Wir rufen nach Werten. Der ehrbare Kaufmann soll wieder regieren, die Menschlichkeit soll wieder in die Chefetagen einziehen, wir brauchen wieder eine Orientierung. Das sind Forderungen, die – je nach Wirtschafts- und Nachrichtenlage – immer wieder laut werden. Dabei haben wir Werte in Hülle und Fülle. Wir ersticken geradezu an Werten. Wir haben also kein Mengenproblem, wir haben ein Qualitätsproblem.
Werte sind so eine Sache. Auch die Mafia oder die Camorra haben Werte, nur eben nicht dieselben, die wir für wertvoll halten. Was sind überhaupt Werte? Wir finden sie im Handeln der Menschen, nicht in ihren Worten. Für Unternehmen gilt dasselbe. Mitarbeiter haben dafür ein feines Gespür: Sie glauben nur die Werte, die aus Taten sprechen, die 'Philosophie' des Unternehmens spielt dabei überhaupt keine Rolle. Wenn zum Beispiel jemand entlassen wird, dann schauen sie, wie und warum das geschah – und entdecken so die tatsächlich gelebten Werte. Sind diese nicht deckungsgleich mit den wohlformulierten Leitlinien, dann verlieren Führungskräfte ihre Glaubwürdigkeit – und die Loyalität der Mitarbeiter.

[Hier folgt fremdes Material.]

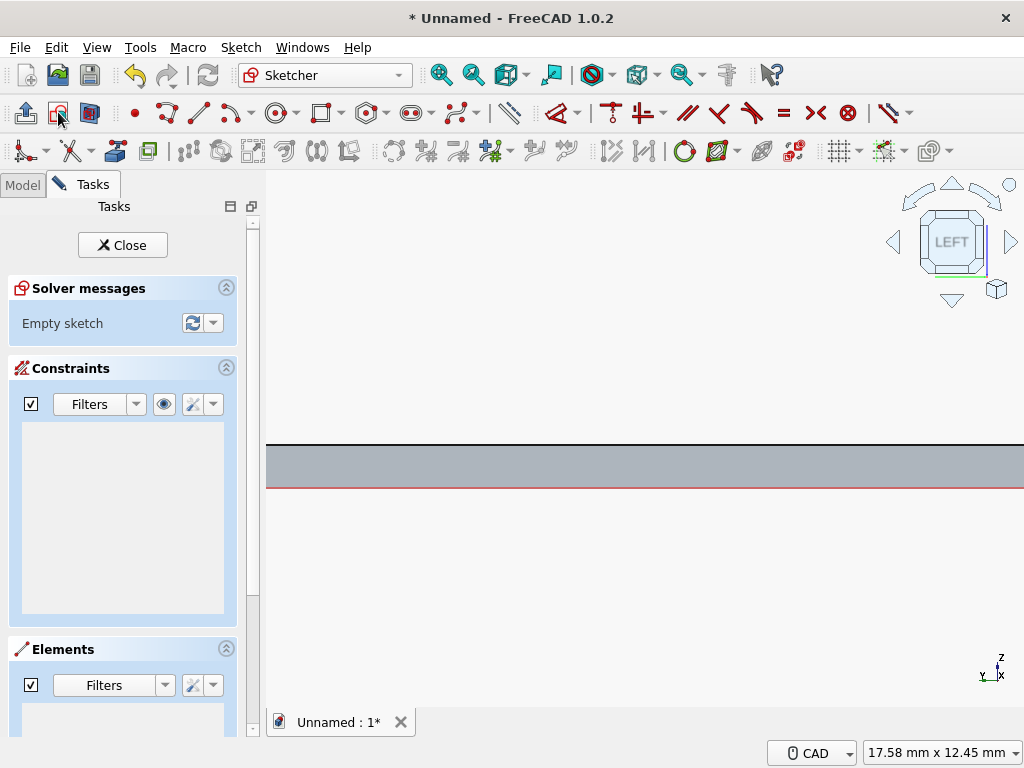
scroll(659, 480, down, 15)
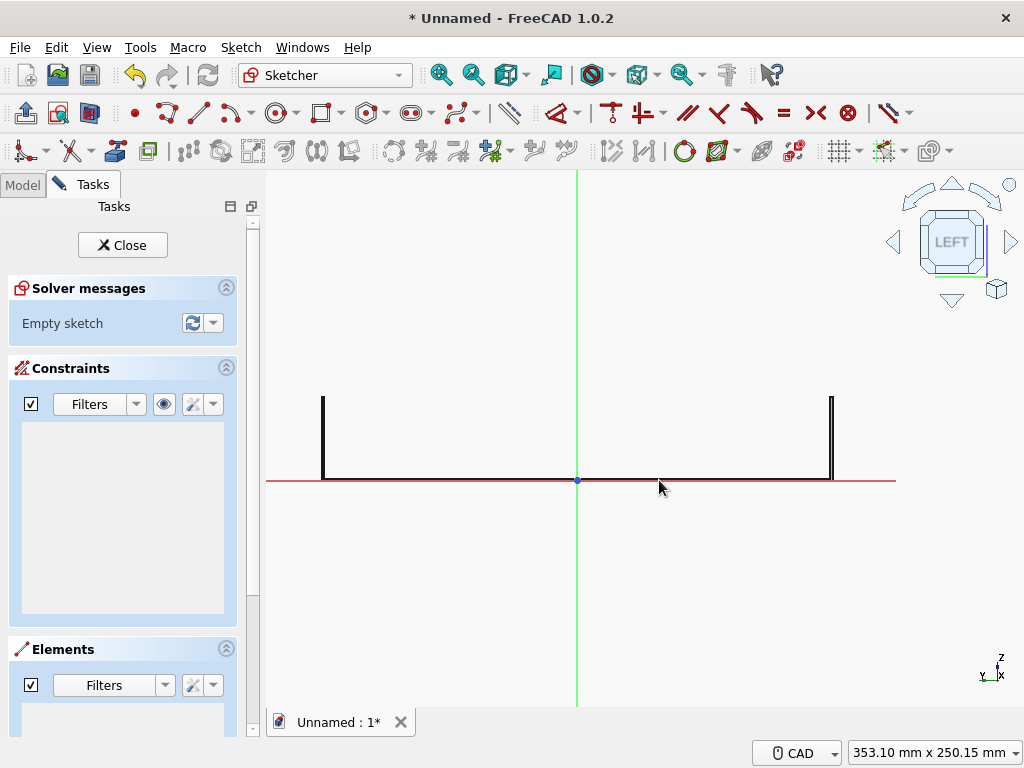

Damit stellt sich die Frage, welche Werte in unserer Gesellschaft tatsächlich gelebt werden. Im Grundgesetz steht: 'Die Würde des Menschen ist unantastbar, sie zu achten und zu schützen ist Aufgabe aller staatlichen Gewalt.' Wir haben also einen Staatsauftrag, die Würde eines jeden zu schützen. Aber tun wir das auch?